START SUPPLIED RECORDS
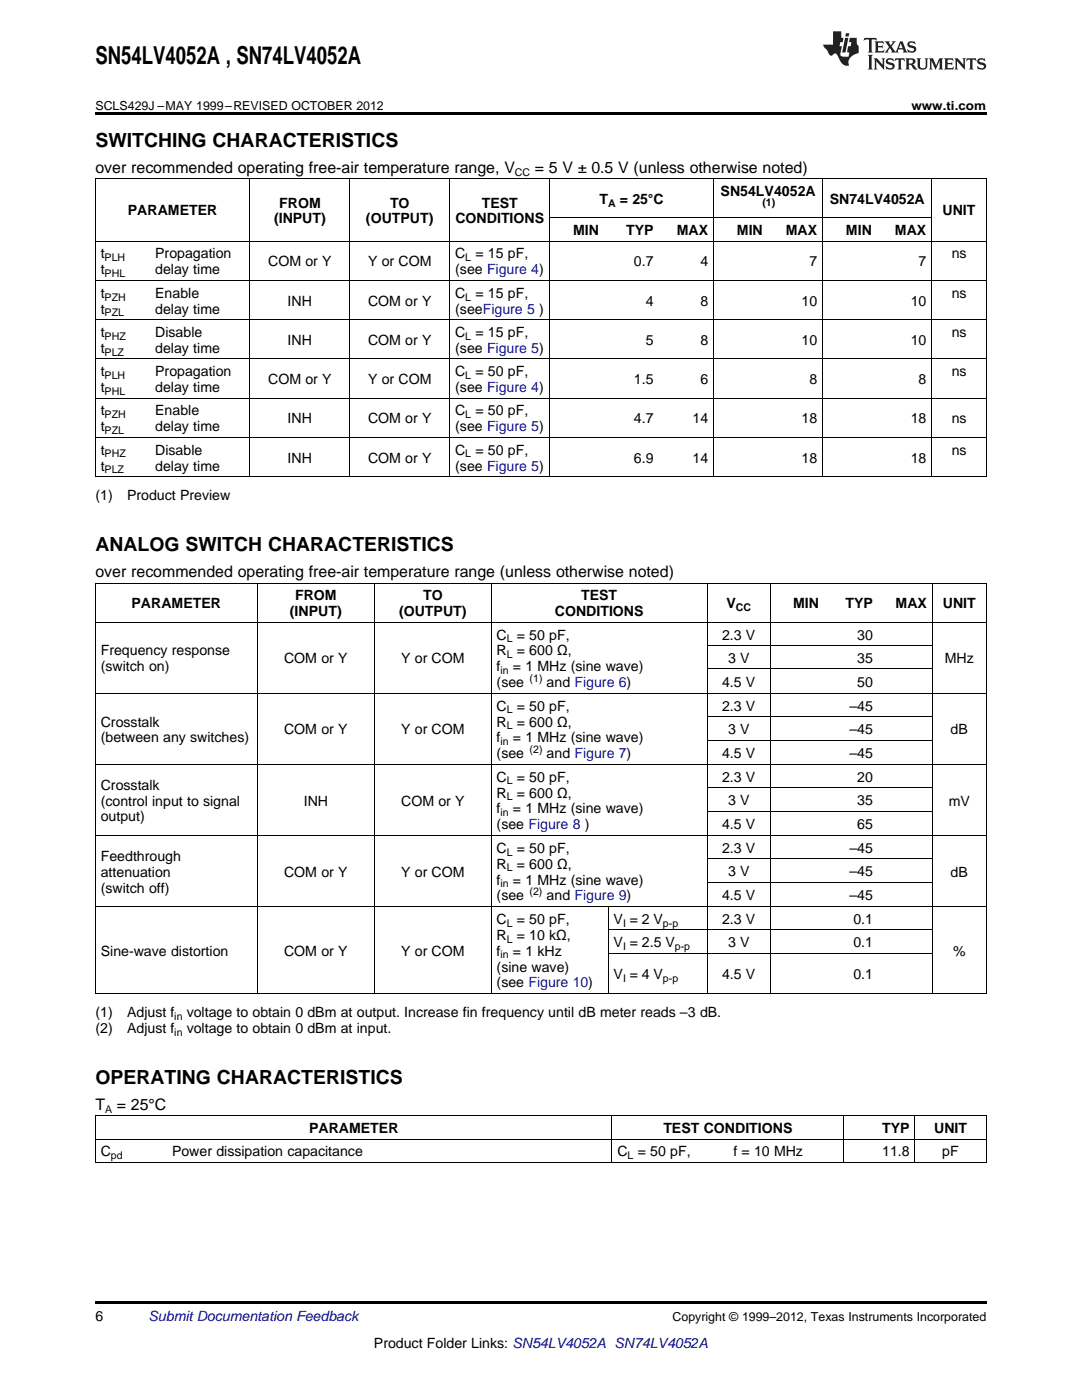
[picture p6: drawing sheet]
<svg xmlns="http://www.w3.org/2000/svg" width="216mm" height="279mm" viewBox="0 0 216 279" stroke-linecap="round" stroke-linejoin="round" font-family="sans-serif">
<defs><g id="words">
<text font-size="4.9" x="19" y="12.8">SN54LV4052A , SN74LV4052A</text>
<g font-size="3.9">
<text x="19" y="29.3">SWITCHING CHARACTERISTICS</text>
<text x="19" y="110">ANALOG SWITCH CHARACTERISTICS</text>
<text x="19" y="216.3">OPERATING CHARACTERISTICS</text>
</g>
<g font-size="3.2">
<text x="19" y="34.4">over recommended operating free-air temperature range, V</text>
<text x="106.7" y="34.4">= 5 V ± 0.5 V (unless otherwise noted)</text>
<text x="19" y="115.1">over recommended operating free-air temperature range (unless otherwise noted)</text>
<text x="19" y="221.5">T</text>
<text x="23.3" y="221.5">= 25°C</text>
</g>
<g font-size="2.8">
<text x="55.7" y="41.4">FROM</text>
<text x="77.8" y="41.4">TO</text>
<text x="96.1" y="41.4">TEST</text>
<text x="119.6" y="40.7">T</text>
<text x="123.7" y="40.7">= 25°C</text>
<text x="143.8" y="39.1">SN54LV4052A</text>
<text x="165.6" y="40.7">SN74LV4052A</text>
<text x="25.5" y="43">PARAMETER</text>
<text x="54.7" y="44.6">(INPUT)</text>
<text x="73" y="44.6">(OUTPUT)</text>
<text x="90.9" y="44.6">CONDITIONS</text>
<text x="114.4" y="46.9">MIN</text>
<text x="124.9" y="46.9">TYP</text>
<text x="135" y="46.9">MAX</text>
<text x="147" y="46.9">MIN</text>
<text x="156.8" y="46.9">MAX</text>
<text x="168.8" y="46.9">MIN</text>
<text x="178.6" y="46.9">MAX</text>
<text x="188.1" y="43">UNIT</text>
<text x="20.1" y="51.6">t</text>
<text x="31" y="51.6">Propagation</text>
<text x="53.5" y="53.2">COM or Y</text>
<text x="73.4" y="53.2">Y or COM</text>
<text x="90.8" y="51.6">C</text>
<text x="94.9" y="51.6">= 15 pF,</text>
<text x="126.5" y="53.2">0.7</text>
<text x="139.8" y="53.2">4</text>
<text x="161.5" y="53.2">7</text>
<text x="183.3" y="53.2">7</text>
<text x="189.9" y="51.6">ns</text>
<text x="20.1" y="54.8">t</text>
<text x="20.1" y="59.4">t</text>
<text x="31" y="54.8">delay time</text>
<text x="31" y="59.4">Enable</text>
<text x="90.8" y="54.8">(see Figure 4)</text>
<text x="90.8" y="59.4">C</text>
<text x="94.9" y="59.4">= 15 pF,</text>
<text x="189.9" y="59.4">ns</text>
<text x="20.1" y="62.6">t</text>
<text x="31" y="62.6">delay time</text>
<text x="57.4" y="61">INH</text>
<text x="73.4" y="61">COM or Y</text>
<text x="90.8" y="62.6">(seeFigure 5 )</text>
<text x="128.9" y="61">4</text>
<text x="139.8" y="61">8</text>
<text x="159.9" y="61">10</text>
<text x="181.7" y="61">10</text>
<text x="20.1" y="67.2">t</text>
<text x="20.1" y="70.4">t</text>
<text x="31" y="67.2">Disable</text>
<text x="31" y="70.4">delay time</text>
<text x="57.4" y="68.8">INH</text>
<text x="73.4" y="68.8">COM or Y</text>
<text x="90.8" y="67.2">C</text>
<text x="90.8" y="70.4">(see Figure 5)</text>
<text x="94.9" y="67.2">= 15 pF,</text>
<text x="128.9" y="68.8">5</text>
<text x="139.8" y="68.8">8</text>
<text x="159.9" y="68.8">10</text>
<text x="181.7" y="68.8">10</text>
<text x="189.9" y="67.2">ns</text>
<text x="20.1" y="75.1">t</text>
<text x="31" y="75.1">Propagation</text>
<text x="53.5" y="76.7">COM or Y</text>
<text x="73.4" y="76.7">Y or COM</text>
<text x="90.8" y="75.1">C</text>
<text x="94.9" y="75.1">= 50 pF,</text>
<text x="126.5" y="76.7">1.5</text>
<text x="139.8" y="76.7">6</text>
<text x="161.5" y="76.7">8</text>
<text x="183.3" y="76.7">8</text>
<text x="189.9" y="75.1">ns</text>
<text x="20.1" y="78.2">t</text>
<text x="20.1" y="82.9">t</text>
<text x="31" y="78.2">delay time</text>
<text x="31" y="82.9">Enable</text>
<text x="90.8" y="78.2">(see Figure 4)</text>
<text x="90.8" y="82.9">C</text>
<text x="94.9" y="82.9">= 50 pF,</text>
<text x="20.1" y="86.1">t</text>
<text x="31" y="86.1">delay time</text>
<text x="57.4" y="84.5">INH</text>
<text x="73.4" y="84.5">COM or Y</text>
<text x="90.8" y="86.1">(see Figure 5)</text>
<text x="126.5" y="84.5">4.7</text>
<text x="138.2" y="84.5">14</text>
<text x="159.9" y="84.5">18</text>
<text x="181.7" y="84.5">18</text>
<text x="189.9" y="84.5">ns</text>
<text x="20.1" y="90.7">t</text>
<text x="20.1" y="93.9">t</text>
<text x="31" y="90.7">Disable</text>
<text x="31" y="93.9">delay time</text>
<text x="57.4" y="92.3">INH</text>
<text x="73.4" y="92.3">COM or Y</text>
<text x="90.8" y="90.7">C</text>
<text x="90.8" y="93.9">(see Figure 5)</text>
<text x="94.9" y="90.7">= 50 pF,</text>
<text x="126.5" y="92.3">6.9</text>
<text x="138.2" y="92.3">14</text>
<text x="159.9" y="92.3">18</text>
<text x="181.7" y="92.3">18</text>
<text x="189.9" y="90.7">ns</text>
<text x="19" y="99.8">(1)</text>
<text x="25.4" y="99.8">Product Preview</text>
<text x="58.9" y="119.8">FROM</text>
<text x="84.4" y="119.8">TO</text>
<text x="116" y="119.8">TEST</text>
<text x="26.2" y="121.4">PARAMETER</text>
<text x="57.9" y="123">(INPUT)</text>
<text x="79.6" y="123">(OUTPUT)</text>
<text x="110.7" y="123">CONDITIONS</text>
<text x="145" y="121.4">V</text>
<text x="158.3" y="121.4">MIN</text>
<text x="168.7" y="121.4">TYP</text>
<text x="178.7" y="121.4">MAX</text>
<text x="188.1" y="121.4">UNIT</text>
<text x="20.1" y="130.8">Frequency response</text>
<text x="99.1" y="127.6">C</text>
<text x="99.1" y="130.8">R</text>
<text x="103.1" y="127.6">= 50 pF,</text>
<text x="103.1" y="130.8">= 600 Ω,</text>
<text x="144.1" y="127.6">2.3 V</text>
<text x="171.1" y="127.6">30</text>
<text x="20.1" y="134">(switch on)</text>
<text x="56.7" y="132.4">COM or Y</text>
<text x="80" y="132.4">Y or COM</text>
<text x="99.1" y="134">f</text>
<text x="99.1" y="137.2">(see</text>
<text x="102.3" y="134">= 1 MHz (sine wave)</text>
<text x="109.1" y="137.2">and Figure 6)</text>
<text x="144.1" y="137.1">4.5 V</text>
<text x="145.3" y="132.3">3 V</text>
<text x="171.1" y="132.3">35</text>
<text x="171.1" y="137.1">50</text>
<text x="188.5" y="132.4">MHz</text>
<text x="99.1" y="141.8">C</text>
<text x="103.1" y="141.8">= 50 pF,</text>
<text x="144.1" y="141.8">2.3 V</text>
<text x="169.5" y="141.8">–45</text>
<text x="20.1" y="145">Crosstalk</text>
<text x="20.1" y="148.2">(between any switches)</text>
<text x="56.7" y="146.6">COM or Y</text>
<text x="80" y="146.6">Y or COM</text>
<text x="99.1" y="145">R</text>
<text x="99.1" y="148.2">f</text>
<text x="102.3" y="148.2">= 1 MHz (sine wave)</text>
<text x="103.1" y="145">= 600 Ω,</text>
<text x="145.3" y="146.5">3 V</text>
<text x="169.5" y="146.5">–45</text>
<text x="189.7" y="146.6">dB</text>
<text x="99.1" y="151.3">(see</text>
<text x="99.1" y="156">C</text>
<text x="103.1" y="156">= 50 pF,</text>
<text x="109.1" y="151.3">and Figure 7)</text>
<text x="144.1" y="151.2">4.5 V</text>
<text x="144.1" y="156">2.3 V</text>
<text x="169.5" y="151.2">–45</text>
<text x="171.1" y="156">20</text>
<text x="20.1" y="157.6">Crosstalk</text>
<text x="20.1" y="160.8">(control input to signal</text>
<text x="60.6" y="160.8">INH</text>
<text x="80" y="160.8">COM or Y</text>
<text x="99.1" y="159.2">R</text>
<text x="103.1" y="159.2">= 600 Ω,</text>
<text x="145.3" y="160.7">3 V</text>
<text x="171.1" y="160.7">35</text>
<text x="189.3" y="160.8">mV</text>
<text x="20.1" y="163.9">output)</text>
<text x="99.1" y="162.3">f</text>
<text x="99.1" y="165.5">(see Figure 8 )</text>
<text x="102.3" y="162.3">= 1 MHz (sine wave)</text>
<text x="144.1" y="165.4">4.5 V</text>
<text x="171.1" y="165.4">65</text>
<text x="20.1" y="171.8">Feedthrough</text>
<text x="99.1" y="170.2">C</text>
<text x="99.1" y="173.4">R</text>
<text x="103.1" y="170.2">= 50 pF,</text>
<text x="103.1" y="173.4">= 600 Ω,</text>
<text x="144.1" y="170.2">2.3 V</text>
<text x="169.5" y="170.2">–45</text>
<text x="20.1" y="174.9">attenuation</text>
<text x="20.1" y="178.1">(switch off)</text>
<text x="56.7" y="174.9">COM or Y</text>
<text x="80" y="174.9">Y or COM</text>
<text x="99.1" y="176.5">f</text>
<text x="99.1" y="179.7">(see</text>
<text x="102.3" y="176.5">= 1 MHz (sine wave)</text>
<text x="109.1" y="179.7">and Figure 9)</text>
<text x="144.1" y="179.6">4.5 V</text>
<text x="145.3" y="174.8">3 V</text>
<text x="169.5" y="174.8">–45</text>
<text x="169.5" y="179.6">–45</text>
<text x="189.7" y="174.9">dB</text>
<text x="99.1" y="184.4">C</text>
<text x="103.1" y="184.4">= 50 pF,</text>
<text x="122.4" y="184.4">V = 2 V</text>
<text x="144.1" y="184.4">2.3 V</text>
<text x="170.3" y="184.4">0.1</text>
<text x="20.1" y="190.7">Sine-wave distortion</text>
<text x="56.7" y="190.7">COM or Y</text>
<text x="80" y="190.7">Y or COM</text>
<text x="99.1" y="187.5">R</text>
<text x="99.1" y="190.7">f</text>
<text x="102.3" y="190.7">= 1 kHz</text>
<text x="103.1" y="187.5">= 10 kΩ,</text>
<text x="122.4" y="189">V = 2.5 V</text>
<text x="145.3" y="189">3 V</text>
<text x="170.3" y="189">0.1</text>
<text x="190.2" y="190.7">%</text>
<text x="99.1" y="193.9">(sine wave)</text>
<text x="99.1" y="197.1">(see Figure 10)</text>
<text x="122.4" y="195.4">V = 4 V</text>
<text x="144.1" y="195.4">4.5 V</text>
<text x="170.3" y="195.4">0.1</text>
<text x="19" y="202.9">(1)</text>
<text x="25.4" y="202.9">Adjust f</text>
<text x="37.3" y="202.9">voltage to obtain 0 dBm at output. Increase fin frequency until dB meter reads –3 dB.</text>
<text x="19" y="206.1">(2)</text>
<text x="25.4" y="206.1">Adjust f</text>
<text x="37.3" y="206.1">voltage to obtain 0 dBm at input.</text>
<text x="61.7" y="226.1">PARAMETER</text>
<text x="132.4" y="226.1">TEST CONDITIONS</text>
<text x="176" y="226.1">TYP</text>
<text x="186.4" y="226.1">UNIT</text>
<text x="20.1" y="230.8">C</text>
<text x="34.3" y="230.8">Power dissipation capacitance</text>
<text x="123.2" y="230.8">C</text>
<text x="127.2" y="230.8">= 50 pF,</text>
<text x="146.3" y="230.8">f = 10 MHz</text>
<text x="176" y="230.8">11.8</text>
<text x="188" y="230.8">pF</text>
<text x="19" y="263.6">6</text>
<text x="74.6" y="269">Product Folder Links: SN54LV4052A SN74LV4052A</text>
</g>
<text font-size="2.8" fill="#0000c8" x="29.6" y="263.6">Submit Documentation Feedback</text>
<g font-size="2.5">
<text x="19" y="21.9">SCLS429J –MAY 1999–REVISED OCTOBER 2012</text>
<text x="181.9" y="21.9">www.ti.com</text>
<text x="134.2" y="263.6">Copyright © 1999–2012, Texas Instruments Incorporated</text>
</g>
<g font-size="2.1">
<text x="102.7" y="35.1">CC</text>
<text x="121.3" y="41.2">A</text>
<text x="152.1" y="41.1">(1)</text>
<text x="20.9" y="52.1">PLH</text>
<text x="92.9" y="52.1">L</text>
<text x="20.9" y="55.3">PHL</text>
<text x="20.9" y="60">PZH</text>
<text x="92.9" y="60">L</text>
<text x="20.9" y="63.1">PZL</text>
<text x="20.9" y="67.8">PHZ</text>
<text x="20.9" y="71">PLZ</text>
<text x="92.9" y="67.8">L</text>
<text x="20.9" y="75.6">PLH</text>
<text x="92.9" y="75.6">L</text>
<text x="20.9" y="78.8">PHL</text>
<text x="20.9" y="83.5">PZH</text>
<text x="92.9" y="83.5">L</text>
<text x="20.9" y="86.6">PZL</text>
<text x="20.9" y="91.3">PHZ</text>
<text x="20.9" y="94.5">PLZ</text>
<text x="92.9" y="91.3">L</text>
<text x="146.8" y="122">CC</text>
<text x="101.1" y="128.2">L</text>
<text x="101.1" y="131.4">L</text>
<text x="99.9" y="134.5">in</text>
<text x="105.7" y="136">(1)</text>
<text x="101.1" y="142.4">L</text>
<text x="99.9" y="148.7">in</text>
<text x="101.1" y="145.6">L</text>
<text x="105.7" y="150.2">(2)</text>
<text x="101.1" y="156.6">L</text>
<text x="101.1" y="159.7">L</text>
<text x="99.9" y="162.9">in</text>
<text x="101.1" y="170.7">L</text>
<text x="101.1" y="173.9">L</text>
<text x="99.9" y="177.1">in</text>
<text x="105.7" y="178.6">(2)</text>
<text x="101.1" y="184.9">L</text>
<text x="124.3" y="184.9">I</text>
<text x="132.3" y="184.9">p-p</text>
<text x="99.9" y="191.3">in</text>
<text x="101.1" y="188.1">L</text>
<text x="124.3" y="189.6">I</text>
<text x="134.7" y="189.6">p-p</text>
<text x="124.3" y="195.9">I</text>
<text x="132.3" y="195.9">p-p</text>
<text x="34.8" y="203.5">in</text>
<text x="34.8" y="206.7">in</text>
<text x="21" y="222.1">A</text>
<text x="22.1" y="231.4">pd</text>
<text x="125.2" y="231.4">L</text>
</g>
</g></defs>
<g fill="#231f20">
<path d="M172.5 7.6l-.1 .5 .4-.2h.6v.1v2.1l-.2 .4h.9l-.2-.4v-2.1l.1-.1h.5l.5 .2-.2-.5zM174.5 8.3l.2 .3v1.5l-.2 .4h1.8l.2-.6a1.04 1.04 0 0 1-1.3 .2v-.7h.6l.3 .2v-.6l-.3 .2h-.6v-.6l.8-.1 .4 .3-.2-.5zM176.5 8.3l.9 1.1-.9 1.1h.8l-.2-.2 .4-.7 .5 .7-.2 .2h1.5l-.2-.2 .2-.4h.9l.1 .4-.2 .2h1l-.3-.3-.7-1.9h-.5l-.9 2-.8-1 .9-1h-.8l.1 .3-.4 .5-.3-.6 .1-.2zM179.7 8.6l.4 1h-.7zM181.3 8.4a.63 .63 0 0 0-.2 .7 .63 .63 0 0 0 .6 .4l.6 .2 .1 .2a.75 .75 0 0 1-.7 .4 .75 .75 0 0 1-.6-.5l.1 .7 .1-.1a1.11 1.11 0 0 0 1.5-.6 1.13 1.13 0 0 0-1.2-.8l-.1-.4a1.04 1.04 0 0 1 1.2 .2l-.2-.5-.2 .1-.4-.2zM173.2 10.9l.2 .4v2.2l-.2 .4h1l-.3-.4v-2.2l.3-.4zM174.3 11.6l.3 .4v1.5l-.3 .4h.8l-.2-.4v-1.3l1.5 1.7v-1.9l.2-.4h-.7l.2 .4v.9l-1.1-1.3zM177 11.8a.62 .62 0 0 0-.2 .7 .62 .62 0 0 0 .6 .4l.6 .1 .1 .3a.76 .76 0 0 1-.7 .3 .76 .76 0 0 1-.7-.4l.2 .7 .1-.1a1.11 1.11 0 0 0 1.5-.6 1.13 1.13 0 0 0-1.2-.8l-.1-.4a1.04 1.04 0 0 1 1.2 .2l-.2-.6-.2 .1-.5-.1zM178.7 11.6l-.2 .6a.61 .61 0 0 1 .8-.3v1.6l-.2 .4h.9l-.2-.4v-1.6a.63 .63 0 0 1 .7 .3l-.1-.6zM180.6 11.6l.3 .4v1.5l-.3 .4h1l-.2-.2-.1-.8 .6 .2a.76 .76 0 0 0 1.2 .7l-1-1a.58 .58 0 0 0 .6-.5 .58 .58 0 0 0-.5-.6zM181.4 11.9h.1a.45 .45 0 0 1 .5 .1 .45 .45 0 0 1 .1 .5l-.8 .2zM182.9 11.6l.2 .2a2.17 2.17 0 0 0 .3 1.9 .99 .99 0 0 0 1.6-.6v-1.1l.2-.4h-.7l.2 .2a1.92 1.92 0 0 1-.2 1.8 .6 .6 0 0 1-.9-.5v-1.1l.2-.4zM185.4 11.6l.2 .4v1.5l-.2 .4h.7l-.2-.4v-1.4l.8 1.8 .8-1.8v1.4l-.2 .4h.9l-.2-.4v-1.5l.2-.4h-.8l-.6 1.5-.6-1.5zM188.4 11.6l.2 .4v1.5l-.2 .4h1.8l.1-.6a1.04 1.04 0 0 1-1.2 .1v-.6h.5l.4 .2v-.6l-.4 .2h-.5v-.7h.8l.3 .3-.1-.6zM190.5 11.6l.2 .4v1.5l-.2 .4h.7l-.2-.4v-1.3l1.5 1.7v-1.9l.2-.4h-.7l.2 .4v.9l-1.1-1.3zM192.9 11.6l-.1 .6a.61 .61 0 0 1 .7-.3l.1 1.6-.3 .4h1l-.3-.4 .1-1.6a.63 .63 0 0 1 .7 .3l-.1-.6zM195.2 11.8a.62 .62 0 0 0-.2 .7 .62 .62 0 0 0 .6 .4l.6 .1 .1 .3a.76 .76 0 0 1-.7 .3 .76 .76 0 0 1-.6-.4l.1 .7 .1-.1a1.11 1.11 0 0 0 1.6-.6 1.13 1.13 0 0 0-1.3-.8l-.1-.4a1.04 1.04 0 0 1 1.2 .2l-.1-.6-.2 .1-.5-.1z"/>
<path d="M166.2 6.3v2.6h-1.9v.4l.8 .9a.91 .91 0 0 0 1 .8 .56 .56 0 0 1 .5-.3 .56 .56 0 0 1 .5 .3l.4 .8a1.53 1.53 0 0 0 1.9 1.2 1.54 1.54 0 0 1 1-2.1l.9-.3v-1.4a1.52 1.52 0 0 1-.4-1.6h-1.3l-.2 .8h.5l-.2 .8h-.5l-.1 1v.2l.4 .1-.2 .8a1.93 1.93 0 0 1-1.6-.3l.3-1.8h-.5l.2-.8h.4l.2-.8h-.4v-1.3zM168.6 7.6l-.6 2.9h.7l.6-2.9zM168.8 6.6l-.1 .7h.6l.2-.7z"/>
</g>
<path d="M19 22.5h177.8v.5h-177.8zM19 259.7h177.8v.5h-177.8z" fill="#000"/>
<g fill="none" stroke="#000" stroke-width=".2">
<path d="M19 35.6h177.8M19.1 35.7v59.5M49.8 35.7v59.5M69.8 35.7v59.5M89.7 35.7v59.5M109.7 35.7v59.5M142.4 35.7v59.5M164.1 35.7v59.5M185.9 35.7v59.5M196.8 35.7v59.5M19 56h177.8M19 48.1h177.8"/>
<path d="M109.7 43.5h76.2M19 79.5h177.8M19 71.6h177.8M19 63.8h177.8M19 95.1h177.8M19 87.3h177.8M19 116.4h177.8M19.1 116.4v81.9M51.3 116.4v81.9M74.7 116.4v81.9M98 116.4v81.9M141.1 116.4v81.9"/>
<path d="M153.7 116.4v81.9M186 116.4v81.9M196.8 116.4v81.9M19 138.4h177.8M19 124.2h177.8M141.1 133.5h45M141.1 128.9h45M19 152.6h177.8M141.1 157.2h45M141.1 147.7h45M141.1 143h45M19 166.7h177.8"/>
<path d="M141.1 176.1h45M141.1 171.4h45M141.1 161.9h45M19 198.3h177.8M19 180.9h177.8M121.3 181v17.3M121.4 190.2h64.7M121.4 185.6h64.7M19 232h177.8M19 227.3h177.8M19 222.7h177.8M19.1 222.7v9.4"/>
<path d="M122.1 222.7v9.4M168.3 222.7v9.4M182.5 222.7v9.4M196.8 222.7v9.4"/>
</g>
<use href="#words"/>
</svg>
END SUPPLIED RECORDS
ASSIGNMENT. Say how many lines in the entries above contain the string "Crosstalk", offering no other words.

ANSWER TO THIS EXERCISE. 2